My family bought a side of beef a while back. This is the brisket that we got from it. I never really took a look at it until recently when I started developing an interest in smoking meat. I noticed the absence of a "fat cap" on this brisket. I know typically people leave about 1/4" of fat to protect the meat and add flavor but obviously this doesn't have that.

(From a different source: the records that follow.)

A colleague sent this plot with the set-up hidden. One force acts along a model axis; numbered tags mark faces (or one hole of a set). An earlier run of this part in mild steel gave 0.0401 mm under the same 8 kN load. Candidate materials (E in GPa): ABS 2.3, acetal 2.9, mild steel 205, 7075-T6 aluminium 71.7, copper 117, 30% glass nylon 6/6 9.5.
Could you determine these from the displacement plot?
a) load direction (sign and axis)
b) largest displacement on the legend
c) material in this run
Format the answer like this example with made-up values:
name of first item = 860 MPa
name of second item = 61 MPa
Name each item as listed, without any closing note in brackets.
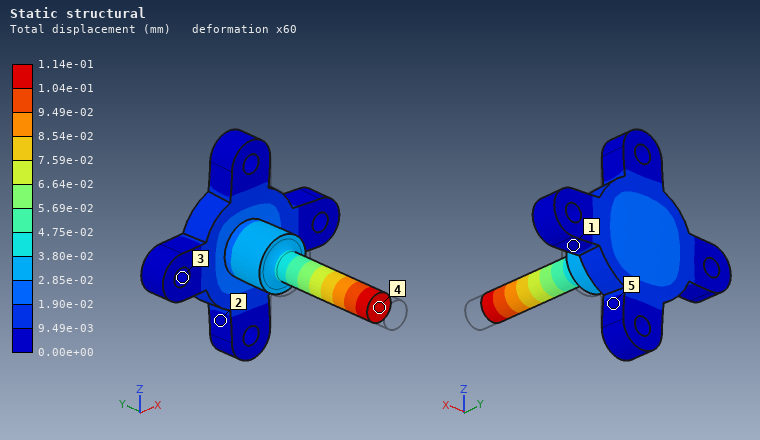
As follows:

Is there anything special I should do to keep the brisket from drying out or to protect it when I decide to smoke it?


----------



## SecondHandSmoker (Jan 3, 2019)

I would inject it and pan it if possible.
How much does it weigh?


----------



## DustyJoe84 (Jan 3, 2019)

SecondHandSmoker said:


> I would inject it and pan it if possible.
> How much does it weigh?



Injecting was my first thought. By "pan it" do you mean just smoke it in a foil pan? I'd say this brisket weights around 10 lbs.


----------



## SecondHandSmoker (Jan 3, 2019)

DustyJoe84 said:


> Injecting was my first thought. By "pan it" do you mean just smoke it in a foil pan? I'd say this brisket weights around 10 lbs.

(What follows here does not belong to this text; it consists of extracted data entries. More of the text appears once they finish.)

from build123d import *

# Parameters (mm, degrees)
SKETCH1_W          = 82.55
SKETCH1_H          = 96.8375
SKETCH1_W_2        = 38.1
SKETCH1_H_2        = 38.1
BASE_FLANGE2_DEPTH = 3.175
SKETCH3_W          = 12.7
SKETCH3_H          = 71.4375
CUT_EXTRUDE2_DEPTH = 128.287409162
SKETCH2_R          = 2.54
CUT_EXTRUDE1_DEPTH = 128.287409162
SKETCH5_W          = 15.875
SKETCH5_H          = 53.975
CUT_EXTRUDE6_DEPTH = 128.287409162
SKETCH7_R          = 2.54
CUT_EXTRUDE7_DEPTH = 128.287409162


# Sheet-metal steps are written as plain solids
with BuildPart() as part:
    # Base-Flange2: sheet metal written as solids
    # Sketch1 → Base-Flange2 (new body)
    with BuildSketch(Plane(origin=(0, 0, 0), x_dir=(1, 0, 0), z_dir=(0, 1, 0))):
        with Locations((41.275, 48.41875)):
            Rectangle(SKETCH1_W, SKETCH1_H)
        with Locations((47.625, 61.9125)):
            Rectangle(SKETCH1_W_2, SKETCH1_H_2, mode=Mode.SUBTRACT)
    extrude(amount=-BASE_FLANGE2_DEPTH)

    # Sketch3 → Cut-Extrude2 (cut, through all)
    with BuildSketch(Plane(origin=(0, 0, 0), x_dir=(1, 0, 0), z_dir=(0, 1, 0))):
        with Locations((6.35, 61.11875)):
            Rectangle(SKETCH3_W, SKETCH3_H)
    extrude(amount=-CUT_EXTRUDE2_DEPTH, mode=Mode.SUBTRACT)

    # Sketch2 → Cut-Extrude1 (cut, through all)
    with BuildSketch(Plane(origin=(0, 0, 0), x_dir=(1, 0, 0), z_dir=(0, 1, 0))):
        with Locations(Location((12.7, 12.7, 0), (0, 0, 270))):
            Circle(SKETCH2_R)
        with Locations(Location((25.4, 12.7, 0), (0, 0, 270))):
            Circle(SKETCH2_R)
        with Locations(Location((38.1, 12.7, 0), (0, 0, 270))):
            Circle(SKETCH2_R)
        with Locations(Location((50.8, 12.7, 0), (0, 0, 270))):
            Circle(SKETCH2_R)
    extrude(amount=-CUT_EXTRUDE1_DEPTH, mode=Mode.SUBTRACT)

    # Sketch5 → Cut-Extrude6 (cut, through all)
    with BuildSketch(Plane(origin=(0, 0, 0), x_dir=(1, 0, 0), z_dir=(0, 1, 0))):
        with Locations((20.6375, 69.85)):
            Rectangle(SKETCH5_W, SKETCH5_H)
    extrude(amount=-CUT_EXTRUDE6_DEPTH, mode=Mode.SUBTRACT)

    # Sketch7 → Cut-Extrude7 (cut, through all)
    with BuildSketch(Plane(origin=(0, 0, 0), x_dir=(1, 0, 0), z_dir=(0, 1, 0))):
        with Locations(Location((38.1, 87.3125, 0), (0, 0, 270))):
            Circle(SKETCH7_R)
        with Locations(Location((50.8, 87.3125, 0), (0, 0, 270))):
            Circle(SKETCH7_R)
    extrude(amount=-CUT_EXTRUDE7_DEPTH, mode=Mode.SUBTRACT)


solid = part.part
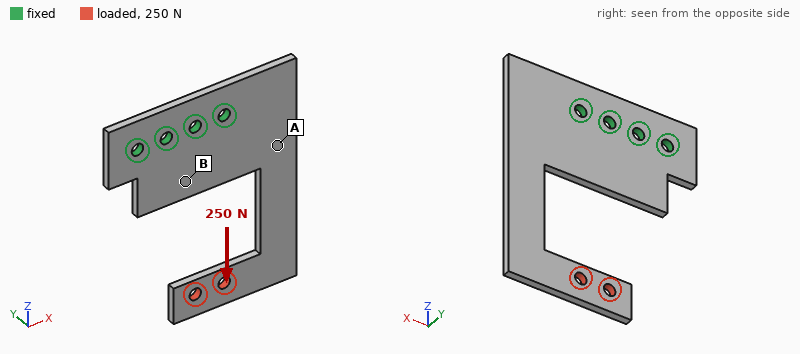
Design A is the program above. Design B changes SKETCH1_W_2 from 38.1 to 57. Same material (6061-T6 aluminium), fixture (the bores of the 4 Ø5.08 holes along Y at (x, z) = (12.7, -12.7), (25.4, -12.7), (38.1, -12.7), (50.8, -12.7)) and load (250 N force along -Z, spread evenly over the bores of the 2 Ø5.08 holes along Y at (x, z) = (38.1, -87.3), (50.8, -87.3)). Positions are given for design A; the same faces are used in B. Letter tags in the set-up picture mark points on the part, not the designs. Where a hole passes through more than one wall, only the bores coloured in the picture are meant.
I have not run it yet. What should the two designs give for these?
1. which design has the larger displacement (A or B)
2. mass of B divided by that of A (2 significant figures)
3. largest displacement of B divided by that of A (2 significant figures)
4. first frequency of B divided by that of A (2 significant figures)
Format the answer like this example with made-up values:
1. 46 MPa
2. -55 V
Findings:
1. B
2. 0.92
3. 14
4. 0.71
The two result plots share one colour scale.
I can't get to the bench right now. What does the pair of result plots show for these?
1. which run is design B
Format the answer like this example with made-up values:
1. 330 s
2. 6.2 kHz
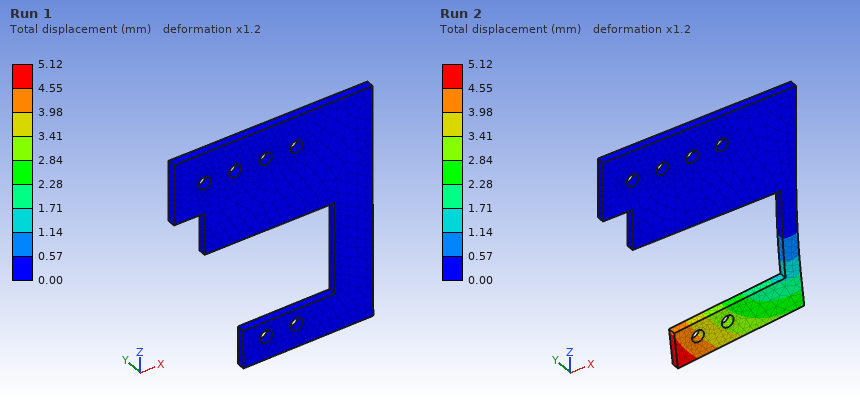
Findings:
1. Run 2
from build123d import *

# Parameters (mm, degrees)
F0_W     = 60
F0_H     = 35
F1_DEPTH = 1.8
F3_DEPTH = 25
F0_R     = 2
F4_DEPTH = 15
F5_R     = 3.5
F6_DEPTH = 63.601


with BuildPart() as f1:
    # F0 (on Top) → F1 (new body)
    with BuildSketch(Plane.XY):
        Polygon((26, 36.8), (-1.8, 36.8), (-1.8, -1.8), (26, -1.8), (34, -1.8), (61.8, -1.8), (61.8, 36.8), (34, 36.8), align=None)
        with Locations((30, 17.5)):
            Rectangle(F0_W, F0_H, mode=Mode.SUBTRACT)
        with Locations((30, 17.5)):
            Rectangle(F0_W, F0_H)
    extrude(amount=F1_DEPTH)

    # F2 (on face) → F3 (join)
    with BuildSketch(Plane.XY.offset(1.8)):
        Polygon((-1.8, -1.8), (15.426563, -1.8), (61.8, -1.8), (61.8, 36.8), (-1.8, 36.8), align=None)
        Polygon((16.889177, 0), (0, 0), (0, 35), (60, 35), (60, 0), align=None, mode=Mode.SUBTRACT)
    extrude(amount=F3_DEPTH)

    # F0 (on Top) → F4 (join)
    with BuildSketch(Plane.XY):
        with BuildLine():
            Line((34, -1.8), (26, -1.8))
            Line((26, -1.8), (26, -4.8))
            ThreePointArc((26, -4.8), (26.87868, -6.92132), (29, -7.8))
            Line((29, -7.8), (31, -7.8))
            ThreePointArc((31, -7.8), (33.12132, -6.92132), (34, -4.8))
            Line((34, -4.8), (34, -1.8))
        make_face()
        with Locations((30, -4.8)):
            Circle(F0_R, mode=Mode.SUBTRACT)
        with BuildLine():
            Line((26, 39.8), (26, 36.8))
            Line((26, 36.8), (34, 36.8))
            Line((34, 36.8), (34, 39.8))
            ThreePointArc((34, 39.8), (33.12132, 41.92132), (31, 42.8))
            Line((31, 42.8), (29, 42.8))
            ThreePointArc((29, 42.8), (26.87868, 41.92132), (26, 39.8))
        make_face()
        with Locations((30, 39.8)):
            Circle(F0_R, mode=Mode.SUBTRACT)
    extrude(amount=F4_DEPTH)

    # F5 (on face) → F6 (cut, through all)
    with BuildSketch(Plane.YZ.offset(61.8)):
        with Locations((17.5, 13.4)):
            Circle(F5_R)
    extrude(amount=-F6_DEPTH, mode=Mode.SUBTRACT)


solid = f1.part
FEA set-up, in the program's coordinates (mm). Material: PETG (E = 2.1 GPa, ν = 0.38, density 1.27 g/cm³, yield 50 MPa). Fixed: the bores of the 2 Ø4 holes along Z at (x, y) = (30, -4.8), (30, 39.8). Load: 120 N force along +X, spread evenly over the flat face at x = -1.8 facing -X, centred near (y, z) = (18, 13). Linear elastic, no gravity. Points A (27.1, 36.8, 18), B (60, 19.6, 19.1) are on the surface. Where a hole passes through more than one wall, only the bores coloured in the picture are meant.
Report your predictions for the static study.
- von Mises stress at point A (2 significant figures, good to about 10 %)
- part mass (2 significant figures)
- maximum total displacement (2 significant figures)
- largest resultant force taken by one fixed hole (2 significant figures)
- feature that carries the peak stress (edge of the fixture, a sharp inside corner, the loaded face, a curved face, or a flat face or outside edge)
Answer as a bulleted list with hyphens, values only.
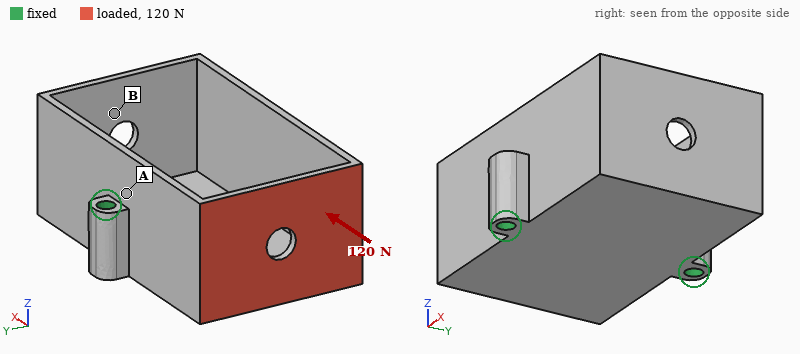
- 4.2 MPa
- 18 g
- 0.95 mm
- 61 N
- the loaded face
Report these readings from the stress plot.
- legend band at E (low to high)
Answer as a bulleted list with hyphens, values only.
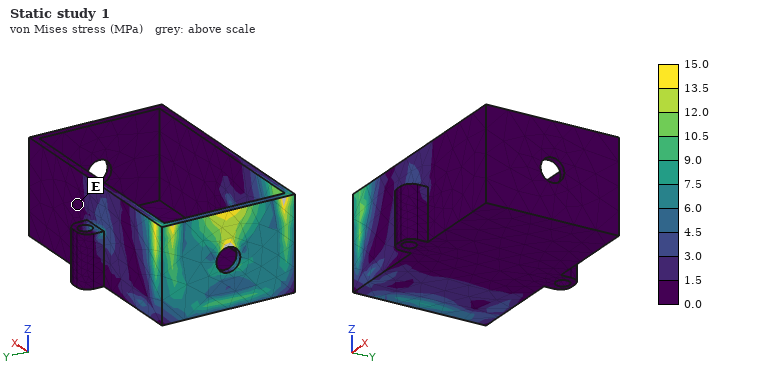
- 0.0 to 1.5 MPa
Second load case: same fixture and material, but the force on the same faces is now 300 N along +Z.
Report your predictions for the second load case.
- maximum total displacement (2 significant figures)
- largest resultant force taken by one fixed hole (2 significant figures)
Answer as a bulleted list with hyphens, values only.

- 0.95 mm
- 150 N
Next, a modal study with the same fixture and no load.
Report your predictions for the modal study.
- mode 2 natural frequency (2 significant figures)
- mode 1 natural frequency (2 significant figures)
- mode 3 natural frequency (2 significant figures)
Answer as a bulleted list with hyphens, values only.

- 1300 Hz
- 1100 Hz
- 1500 Hz

Yeah, just smoke it in a foil pan with some extra support under the foil pan.
Of course you won't get a real good bark on it.  
Smokin Al had a good method for smoking small briskets with a minimal fat cap but I am unable to locate that post.


----------



## KrisUpInSmoke (Jan 3, 2019)

SecondHandSmoker said:


> Yeah, just smoke it in a foil pan with some extra support under the foil pan.
> Of course you won't get a real good bark on it.
> Smokin Al had a good method for smoking small briskets with a minimal fat cap but I am unable to locate that post.




 DustyJoe84


Think this is the recipe you're looking for,
https://www.smokingmeatforums.com/threads/brisket-flat-my-way.277499/


----------



## SecondHandSmoker (Jan 3, 2019)

KrisUpInSmoke said:


> DustyJoe84
> 
> 
> Think this is the recipe you're looking for,
> https://www.smokingmeatforums.com/threads/brisket-flat-my-way.277499/



Kris,
Thank you for coming to the rescue.
I could have sworn I had it book marked.


----------



## DustyJoe84 (Jan 4, 2019)

SecondHandSmoker said:


> Yeah, just smoke it in a foil pan with some extra support under the foil pan.
> Of course you won't get a real good bark on it.
> Smokin Al had a good method for smoking small briskets with a minimal fat cap but I am unable to locate that post.





KrisUpInSmoke said:


> DustyJoe84
> 
> 
> Think this is the recipe you're looking for,
> https://www.smokingmeatforums.com/threads/brisket-flat-my-way.277499/



Thanks guys! This is very helpful!


----------



## illini40 (Jan 4, 2019)

I would definitely recommend following Al's guide for this brisket.

Here is a link to a smaller brisket that I did this summer.  It was a flat (lean part) and it too, did not have a full fat cap.  I used a lot of Al's ideas, around using a pan with some broth, etc.  Hopefully this will help as well: https://www.smokingmeatforums.com/threads/small-briskret-is-on-q-view.277764/


----------



## GATOR240 (Jan 5, 2019)

KrisUpInSmoke said:


> DustyJoe84
> 
> 
> Think this is the recipe you're looking for,
> https://www.smokingmeatforums.com/threads/brisket-flat-my-way.277499/


That is the receipe, I used it last summer and it couldn't have come out any better!


----------